バフェットは『自分の理解できないものには投資しない』というスタイルであることは有名なので、ビットコインに投資している投資家の中には
「バフェットはビットコインの価値、その根幹をなすブロックチェーンの有用性が理解できなから否定しているだけだろう」
と楽観的に考えている人もいるでしょう。
しかし、バフェットは
「ブロックチェーン技術には価値がある」
と認める発言をしたうえで
「仮想通貨には価値がない」
としていることは理解しておきましょう。
参考記事:私が仮想通貨に手を出さない理由
法人増税について
また、バイデン政権によって計画されている増税に関して、
- 富裕層を対象としたキャピタルゲイン増税について、バフェットは「政治的発言はひかえる」
- 法人税の増税について、マンガーは「この世の終わりではない」
と発言しています。
参考記事:【キャピタルゲイン増税も】バイデン政権が30年ぶりの本格増税を計画
解釈が難しいところですが、今のところ増税に対してはそれほど懸念しているわけではなさそうです。
さて、こんな状況にあるわけですが、株主総会の中で個人投資家に対するアドバイスもしています。
個人投資家がやるべきこと
バークシャーの株主から、
「バークシャーに投資するべきか、インデックス投資するべきか、どうすれば良いのか」
といった質問が上がった際に、マンガーは
「個人的には、バークシャーに投資するべきだと考えている」
「これは、私たち(バフェット&マンガー)が死んだ後でも変わらない」
との回答をしています。
ただ、バフェットは、
「バークシャーが有利だとは思うが、普通の人が個別銘柄をうまく選べるとは思えない」と発言し、以前より変わらず
「ほとんどの個人投資家は、インデックス投資をするべきだ」
という回答をしています。
今までバークシャーを引っ張ってきたバフェットは90歳、マンガーは97歳となり、最近では後継者問題が話題となることが多くなってきました。

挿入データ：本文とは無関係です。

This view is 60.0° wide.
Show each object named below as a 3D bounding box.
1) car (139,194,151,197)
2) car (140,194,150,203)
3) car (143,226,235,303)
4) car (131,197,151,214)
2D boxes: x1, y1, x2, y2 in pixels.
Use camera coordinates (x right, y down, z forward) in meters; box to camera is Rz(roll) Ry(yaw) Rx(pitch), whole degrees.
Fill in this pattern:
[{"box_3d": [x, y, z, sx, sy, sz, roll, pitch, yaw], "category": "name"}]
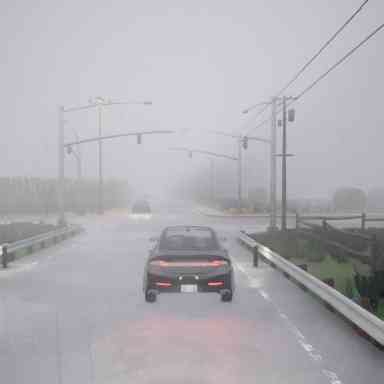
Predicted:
[{"box_3d": [-7.109, 1.325, 49.224, 1.812, 1.442, 4.674, 0, 1, -7], "category": "car"}, {"box_3d": [-8.634, 1.092, 61.323, 1.837, 1.490, 4.892, 0, 1, -7], "category": "car"}, {"box_3d": [-0.095, 1.614, 8.487, 2.128, 1.511, 4.902, 0, -2, -1], "category": "car"}, {"box_3d": [-5.537, 1.592, 36.333, 1.994, 1.385, 4.181, 0, 1, -8], "category": "car"}]

後継者はグレッグ・アベル副会長になることが決定しており、
両人とも「引き継いだ後もバークシャーは大丈夫だと考えている」わけですが、それでもバフェットはインデックス投資を勧めています。
まとめ
といった感じで、2021年のバークシャーの株主総会でのバフェット、マンガーの発言を紹介させてもらいました。
まとめると、
- アメリカ経済は順調に回復しているが、今後どうなるかは金利しだい
- SPACによって割高な銘柄が増えている
- ロビンフッターや仮想通貨によってギャンブルを好む投資家が増えている
- 個人投資家は、インデックス投資をするべし
といった内容でした。
バフェット、マンガーの発言が常に正しいわけではありませんが、名実ともに世界一の投資家である人物の言葉を無視するべきではありません。
ここで紹介させてもらった内容をしっかりと理解し、自分の投資に活かしましょう。